(Source records)
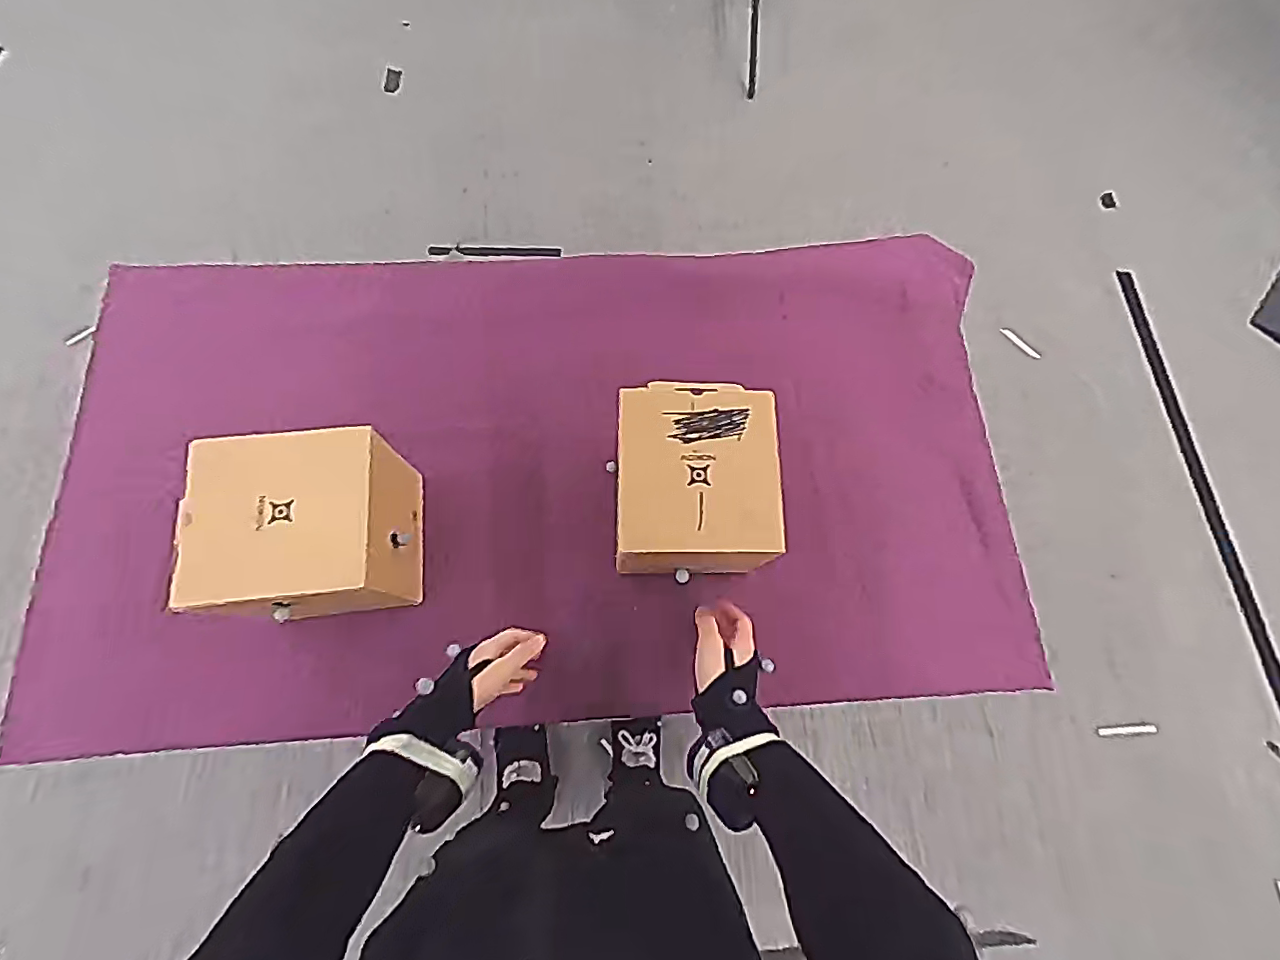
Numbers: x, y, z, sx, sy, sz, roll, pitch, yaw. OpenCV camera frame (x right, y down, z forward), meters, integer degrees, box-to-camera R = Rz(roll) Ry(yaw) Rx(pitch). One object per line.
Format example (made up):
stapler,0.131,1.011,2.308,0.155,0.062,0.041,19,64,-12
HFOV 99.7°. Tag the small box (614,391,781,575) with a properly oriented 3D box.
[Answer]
small box,0.055,0.013,0.631,0.168,0.176,0.179,1,74,-2

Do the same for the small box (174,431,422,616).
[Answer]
small box,-0.352,0.056,0.597,0.179,0.176,0.168,-6,73,-4
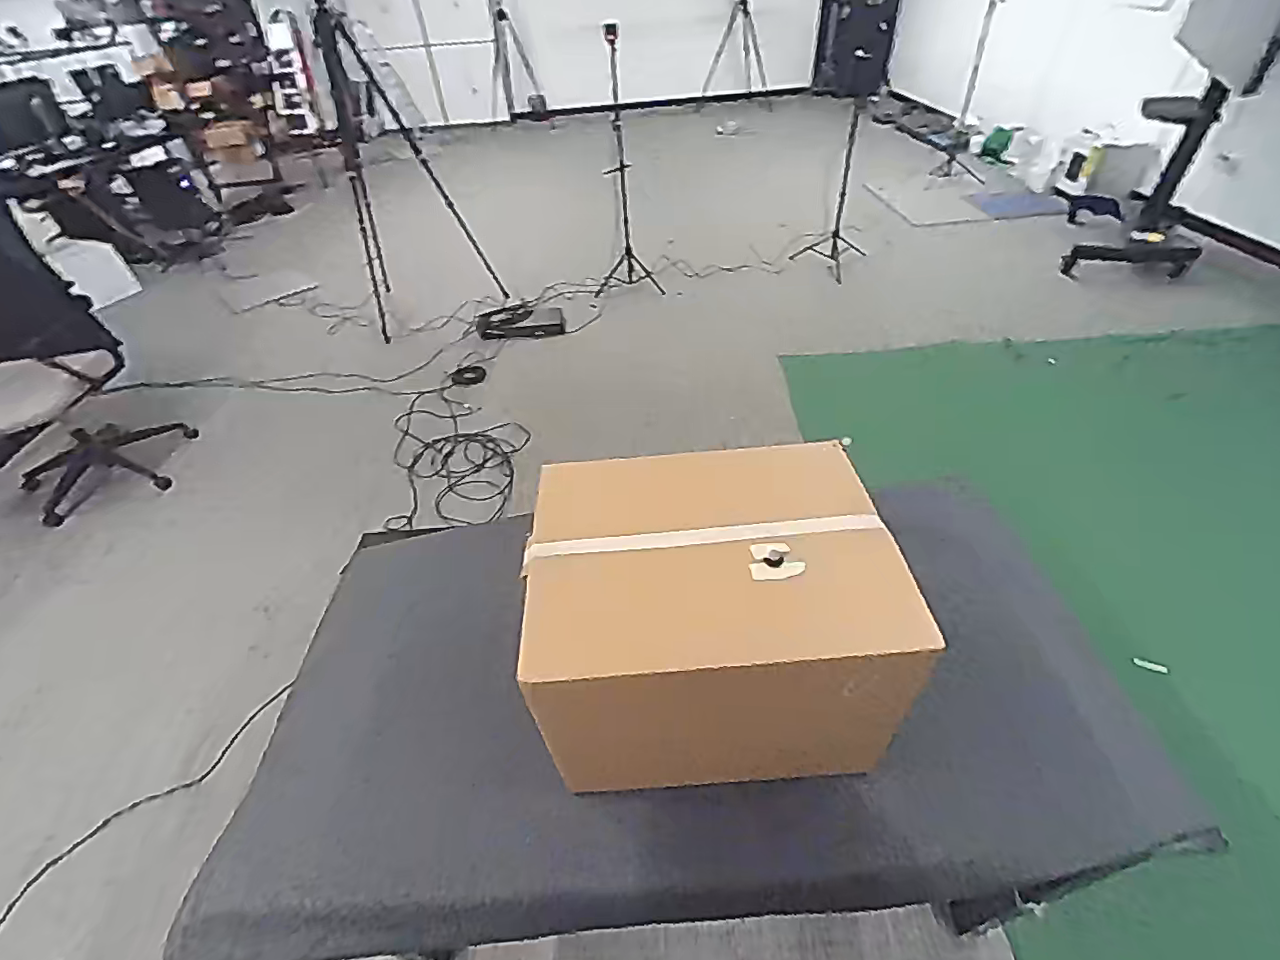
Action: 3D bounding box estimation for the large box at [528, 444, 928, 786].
[{"bbox_3d":[0.084,0.181,0.733,0.408,0.320,0.320,-5,44,0],"label":"large box"}]
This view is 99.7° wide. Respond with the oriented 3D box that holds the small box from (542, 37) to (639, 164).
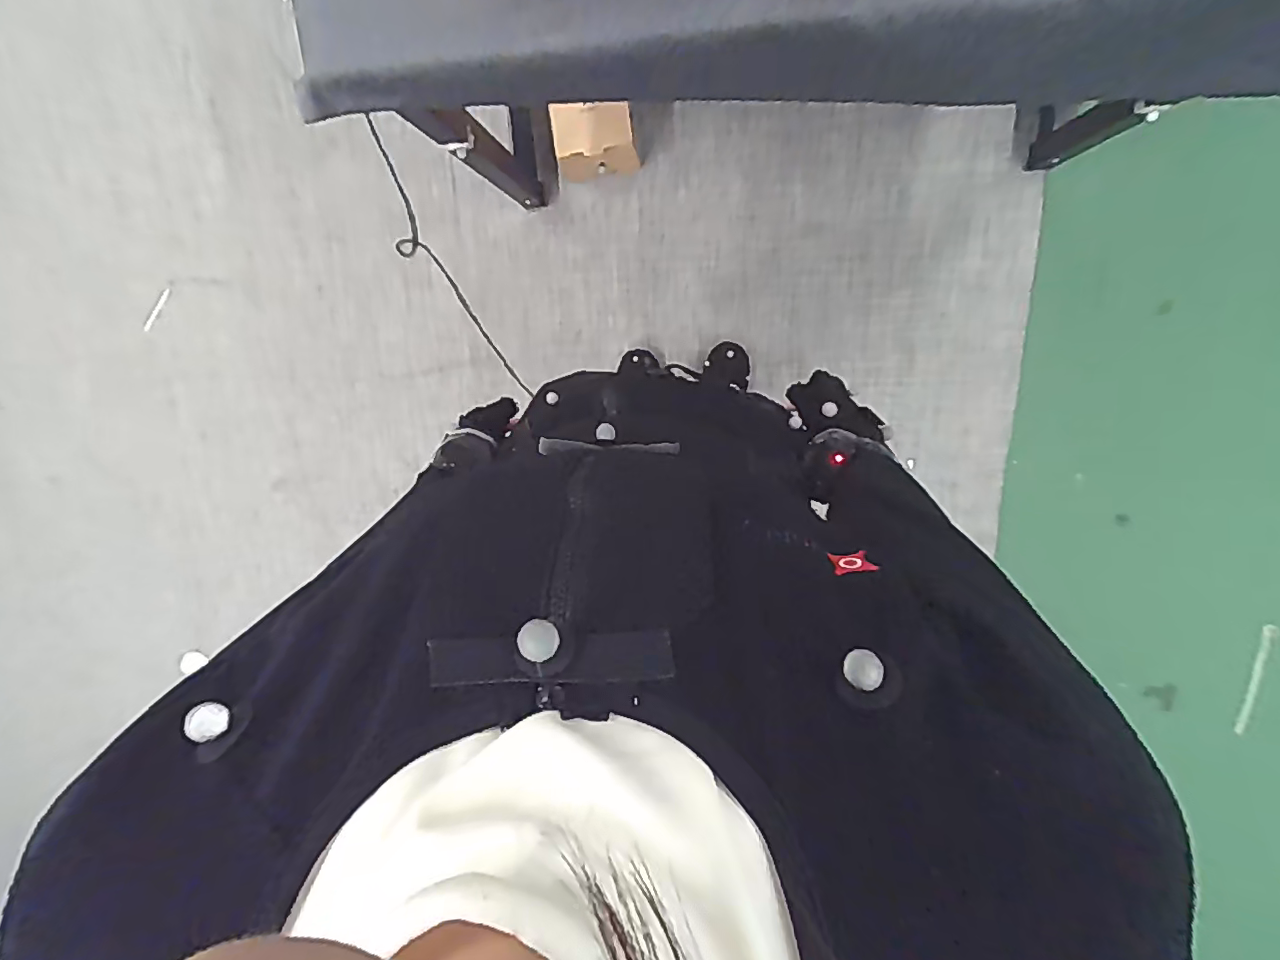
[{"bbox_3d":[-0.098,-0.804,1.169,0.168,0.176,0.179,-5,105,7],"label":"small box"}]
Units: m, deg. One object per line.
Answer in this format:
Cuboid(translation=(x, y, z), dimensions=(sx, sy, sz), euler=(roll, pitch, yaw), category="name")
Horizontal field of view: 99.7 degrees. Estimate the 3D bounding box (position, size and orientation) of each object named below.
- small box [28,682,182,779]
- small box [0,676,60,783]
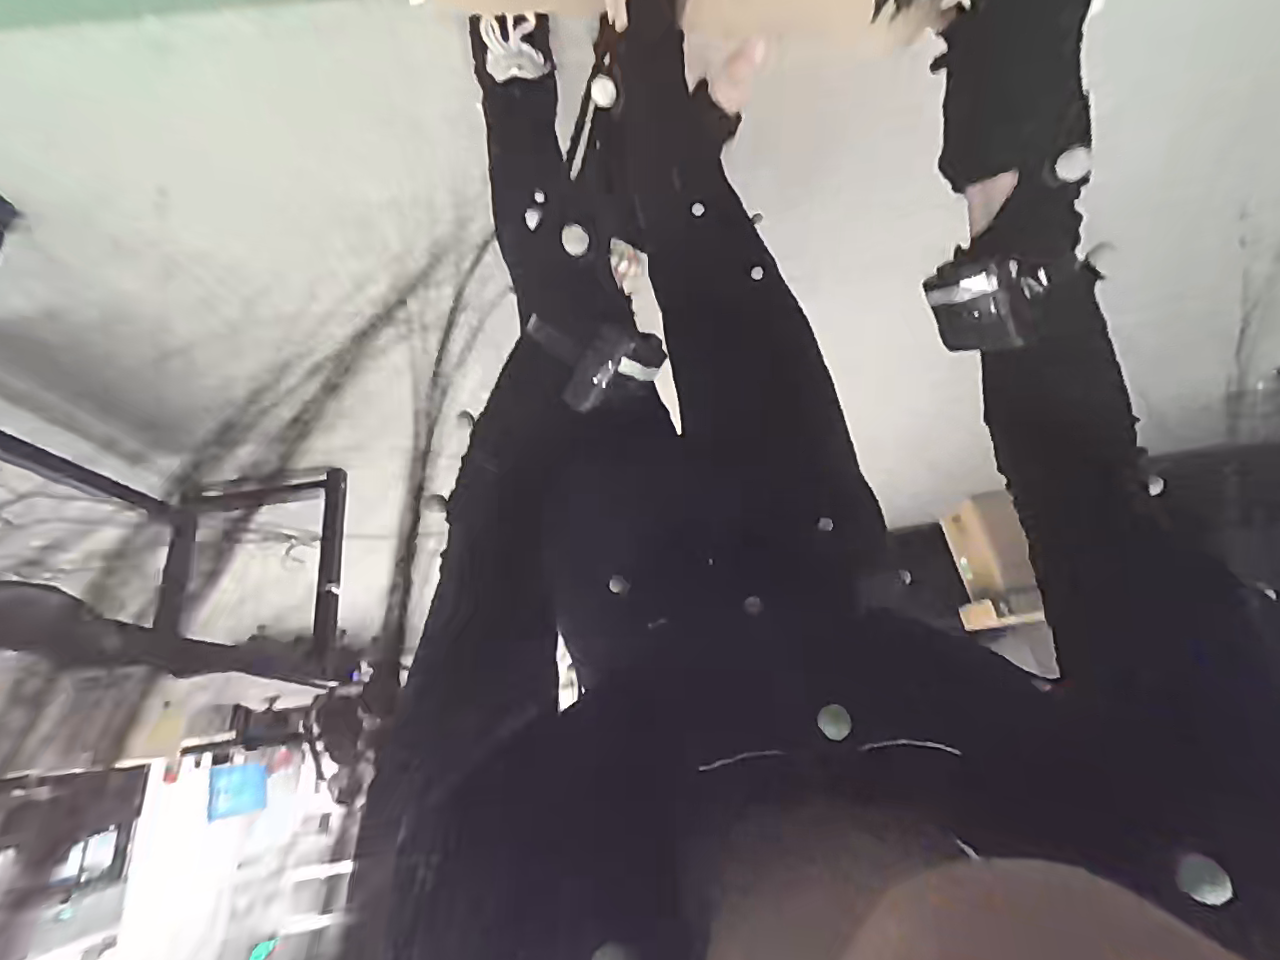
Cuboid(translation=(-1.187, 0.560, 1.214), dimensions=(0.179, 0.176, 0.168), euler=(-8, 156, -4), category="small box")
Cuboid(translation=(-1.190, 0.442, 0.940), dimensions=(0.179, 0.176, 0.168), euler=(-8, 157, -4), category="small box")

### Exercise objective
Your response should be each line that includes the word "degrees", copied from the records.

### Reply
Numbers: x, y, z, sx, sy, sz, roll, pitch, yaw. OpenCV camera frame (x right, y down, z forward), meters, integer degrees, box-to-camera R = Rz(roll) Ry(yaw) Rx(pitch). One object per line.
Horizontal field of view: 99.7 degrees. Estimate the 3D bounding box (position, size and orientation) of each object named below.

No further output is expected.